What was the old TV commercial line: You’ve come a long way baby?

The spot was referring, or course, to the progress women have made in this country. If you consider the fact that at one time they could not vote or own property, that is a long way.

But recent events underscore that women still have a long way to go on the bumpy road to equality.

CBS ran a piece the other night on research into deadly diseases and drugs to fight them and the takeaway from it was a real eye-opener.

Until just recently, most of the experiments were on male rats. Even female researchers, rather sheepishly admitted on camera, they never thought you might get different results if you also worked on female animals.

After all men and women are different, in case you haven’t noticed and when they started including both sexes, guess what, they got different results. Up until now they just took the male findings and automatically assumed they applied to their female counterparts.
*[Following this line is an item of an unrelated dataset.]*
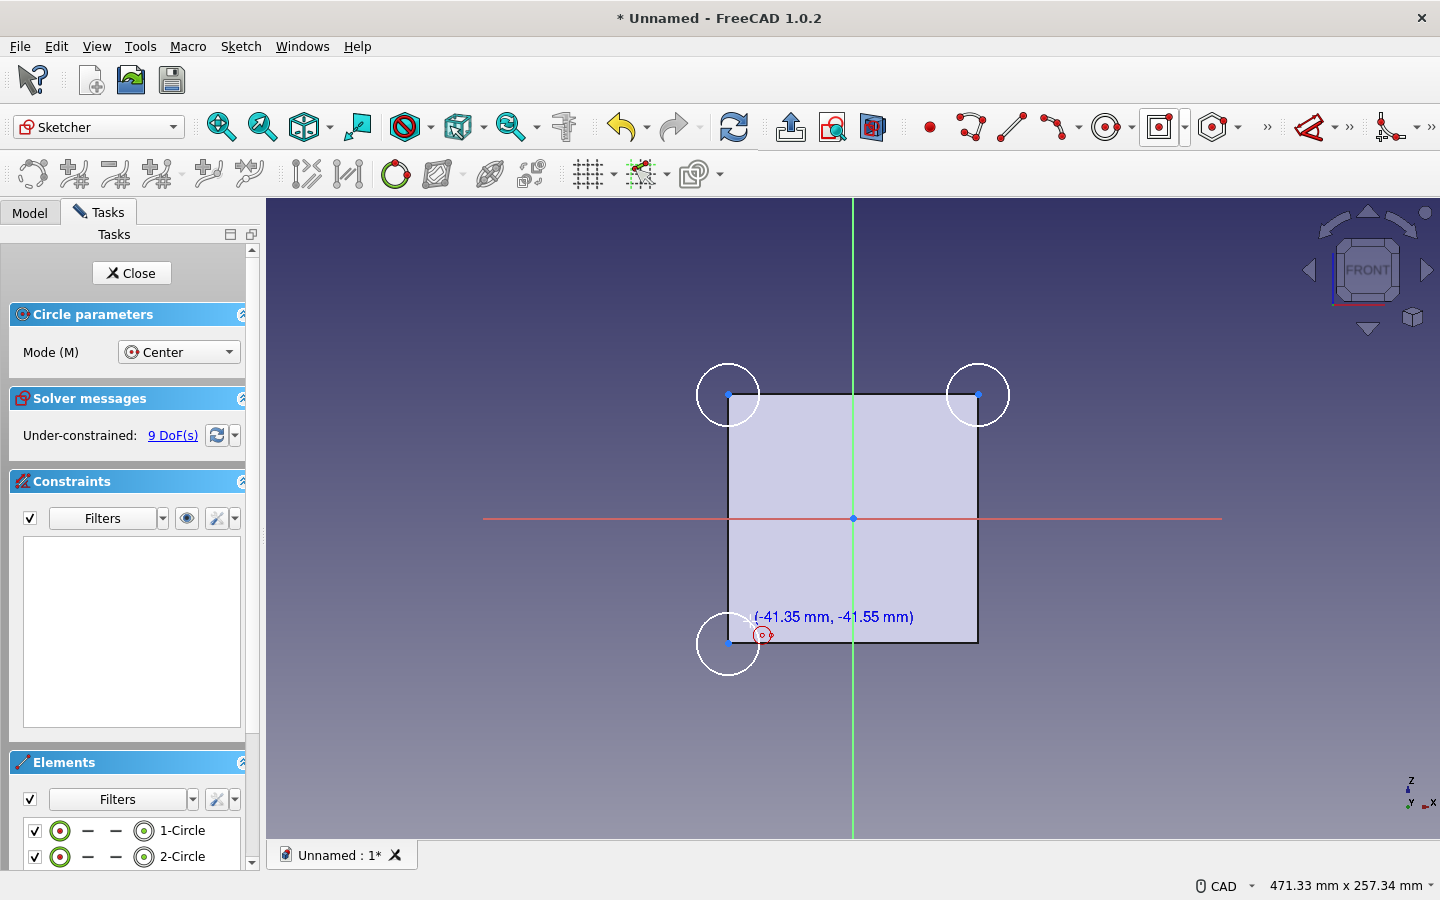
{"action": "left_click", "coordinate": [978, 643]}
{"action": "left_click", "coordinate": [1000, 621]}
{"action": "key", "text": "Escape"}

Talk about your gender bias.

On a different front, turns out there’s been more talk than concrete progress in welcoming women into the newsroom.

It’s especially noticeable in sports coverage. A recent Women’s Media Center review reveals 90% of sports editors are male and white. There are only two women anchoring radio sports talk shows and that’s out of 183 shows now on the air.

Wandering into the newsroom women make up 36% of the staff, which has not budged much since 1999 and “minorities consistently comprise 12 to 13 percent of American newsrooms overall.”

And regarding the influential editorial pages, male pontificators outnumber women by a commanding 4 to 1 margin at three of the country’s most prestigious papers and four newspaper syndicates.

The only sign of progress is in radio news, where the number of females increased by 8 percent last year.

In other words when it comes to health and journalism, “baby” still has a long way to go.